> Records

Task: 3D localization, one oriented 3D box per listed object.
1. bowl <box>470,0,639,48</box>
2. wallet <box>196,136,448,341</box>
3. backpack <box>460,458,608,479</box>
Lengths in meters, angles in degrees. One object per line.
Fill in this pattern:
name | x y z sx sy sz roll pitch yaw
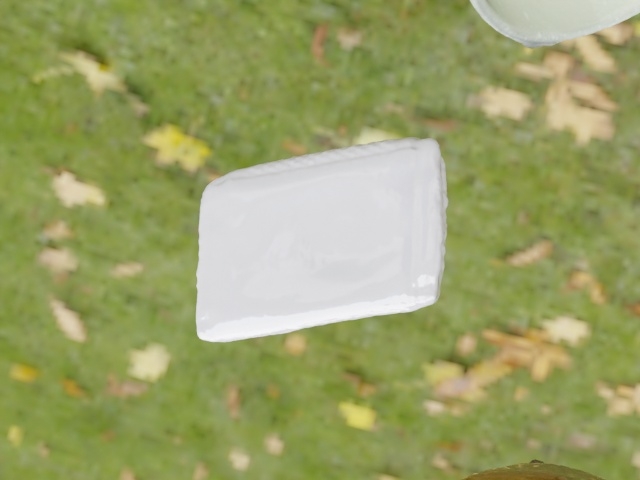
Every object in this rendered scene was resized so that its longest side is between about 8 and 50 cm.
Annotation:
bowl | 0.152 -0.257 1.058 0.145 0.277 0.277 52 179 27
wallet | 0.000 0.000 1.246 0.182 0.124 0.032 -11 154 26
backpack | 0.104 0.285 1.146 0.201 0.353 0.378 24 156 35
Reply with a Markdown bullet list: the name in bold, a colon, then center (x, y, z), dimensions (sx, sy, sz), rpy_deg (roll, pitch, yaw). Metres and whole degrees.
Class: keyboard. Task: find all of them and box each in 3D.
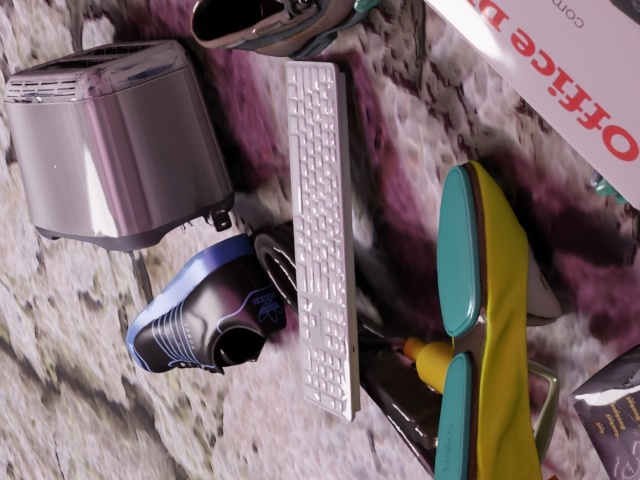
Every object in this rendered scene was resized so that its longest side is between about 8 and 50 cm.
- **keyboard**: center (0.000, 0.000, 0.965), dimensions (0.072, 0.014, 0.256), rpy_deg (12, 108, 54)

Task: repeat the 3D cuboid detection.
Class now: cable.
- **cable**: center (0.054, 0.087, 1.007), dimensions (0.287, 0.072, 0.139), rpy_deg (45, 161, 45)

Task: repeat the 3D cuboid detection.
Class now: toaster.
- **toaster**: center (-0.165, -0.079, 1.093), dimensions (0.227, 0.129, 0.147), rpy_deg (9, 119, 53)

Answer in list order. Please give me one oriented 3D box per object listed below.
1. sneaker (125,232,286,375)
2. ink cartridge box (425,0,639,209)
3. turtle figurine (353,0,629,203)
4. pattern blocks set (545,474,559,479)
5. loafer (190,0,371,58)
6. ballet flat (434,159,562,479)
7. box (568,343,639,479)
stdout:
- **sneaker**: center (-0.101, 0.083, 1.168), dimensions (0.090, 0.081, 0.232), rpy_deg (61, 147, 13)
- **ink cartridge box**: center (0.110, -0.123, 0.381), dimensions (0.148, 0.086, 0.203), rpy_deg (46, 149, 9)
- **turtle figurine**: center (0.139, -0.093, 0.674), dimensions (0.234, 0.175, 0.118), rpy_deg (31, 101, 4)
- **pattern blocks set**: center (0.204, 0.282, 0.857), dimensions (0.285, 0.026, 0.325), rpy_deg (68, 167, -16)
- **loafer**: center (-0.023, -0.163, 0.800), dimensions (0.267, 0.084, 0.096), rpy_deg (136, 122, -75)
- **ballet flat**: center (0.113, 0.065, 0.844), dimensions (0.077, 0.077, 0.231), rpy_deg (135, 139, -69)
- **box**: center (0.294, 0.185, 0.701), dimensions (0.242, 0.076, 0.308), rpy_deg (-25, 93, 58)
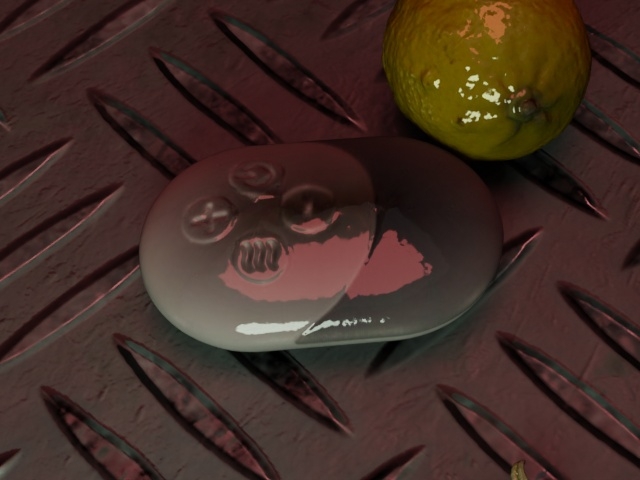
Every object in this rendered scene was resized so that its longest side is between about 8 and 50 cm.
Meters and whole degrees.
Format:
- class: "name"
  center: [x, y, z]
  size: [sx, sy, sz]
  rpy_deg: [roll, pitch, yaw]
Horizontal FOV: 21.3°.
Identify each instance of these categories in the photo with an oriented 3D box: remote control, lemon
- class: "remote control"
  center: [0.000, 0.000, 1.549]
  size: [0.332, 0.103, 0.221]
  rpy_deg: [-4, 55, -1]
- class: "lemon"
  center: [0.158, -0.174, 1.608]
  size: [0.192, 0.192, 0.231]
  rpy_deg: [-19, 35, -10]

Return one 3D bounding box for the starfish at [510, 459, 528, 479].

> Description of the task
Repeat the material above in full and exactly, apart from the pictures.

> Result
Task: 3D localization, one oriented 3D box per listed object.
1. bowl <box>470,0,639,48</box>
2. wallet <box>196,136,448,341</box>
3. backpack <box>460,458,608,479</box>
Lengths in meters, angles in degrees. One object per line.
Fill in this pattern:
name | x y z sx sy sz roll pitch yaw
Every object in this rendered scene was resized so that its longest side is between about 8 and 50 cm.
Annotation:
bowl | 0.152 -0.257 1.058 0.145 0.277 0.277 52 179 27
wallet | 0.000 0.000 1.246 0.182 0.124 0.032 -11 154 26
backpack | 0.104 0.285 1.146 0.201 0.353 0.378 24 156 35
Reply with a Markdown bullet list: the name in bold, a colon, then center (x, y, z), dimensions (sx, sy, sz), rpy_deg (roll, pitch, yaw). Metres and whole degrees.
Class: keyboard. Task: find all of them and box each in 3D.
Every object in this rendered scene was resized so that its longest side is between about 8 and 50 cm.
- **keyboard**: center (0.000, 0.000, 0.965), dimensions (0.072, 0.014, 0.256), rpy_deg (12, 108, 54)

Task: repeat the 3D cuboid detection.
Class now: cable.
- **cable**: center (0.054, 0.087, 1.007), dimensions (0.287, 0.072, 0.139), rpy_deg (45, 161, 45)

Task: repeat the 3D cuboid detection.
Class now: toaster.
- **toaster**: center (-0.165, -0.079, 1.093), dimensions (0.227, 0.129, 0.147), rpy_deg (9, 119, 53)

Answer in list order. Please give me one oriented 3D box per object listed below.
1. sneaker (125,232,286,375)
2. ink cartridge box (425,0,639,209)
3. turtle figurine (353,0,629,203)
4. pattern blocks set (545,474,559,479)
5. loafer (190,0,371,58)
6. ballet flat (434,159,562,479)
7. box (568,343,639,479)
stdout:
- **sneaker**: center (-0.101, 0.083, 1.168), dimensions (0.090, 0.081, 0.232), rpy_deg (61, 147, 13)
- **ink cartridge box**: center (0.110, -0.123, 0.381), dimensions (0.148, 0.086, 0.203), rpy_deg (46, 149, 9)
- **turtle figurine**: center (0.139, -0.093, 0.674), dimensions (0.234, 0.175, 0.118), rpy_deg (31, 101, 4)
- **pattern blocks set**: center (0.204, 0.282, 0.857), dimensions (0.285, 0.026, 0.325), rpy_deg (68, 167, -16)
- **loafer**: center (-0.023, -0.163, 0.800), dimensions (0.267, 0.084, 0.096), rpy_deg (136, 122, -75)
- **ballet flat**: center (0.113, 0.065, 0.844), dimensions (0.077, 0.077, 0.231), rpy_deg (135, 139, -69)
- **box**: center (0.294, 0.185, 0.701), dimensions (0.242, 0.076, 0.308), rpy_deg (-25, 93, 58)
Every object in this rendered scene was resized so that its longest side is between about 8 and 50 cm.
Meters and whole degrees.
Format:
- class: "name"
  center: [x, y, z]
  size: [sx, sy, sz]
  rpy_deg: [roll, pitch, yaw]
Horizontal FOV: 21.3°.
Identify each instance of these categories in the photo with an oriented 3D box: remote control, lemon
- class: "remote control"
  center: [0.000, 0.000, 1.549]
  size: [0.332, 0.103, 0.221]
  rpy_deg: [-4, 55, -1]
- class: "lemon"
  center: [0.158, -0.174, 1.608]
  size: [0.192, 0.192, 0.231]
  rpy_deg: [-19, 35, -10]

Return one 3D bounding box for the starfish at [510, 459, 528, 479].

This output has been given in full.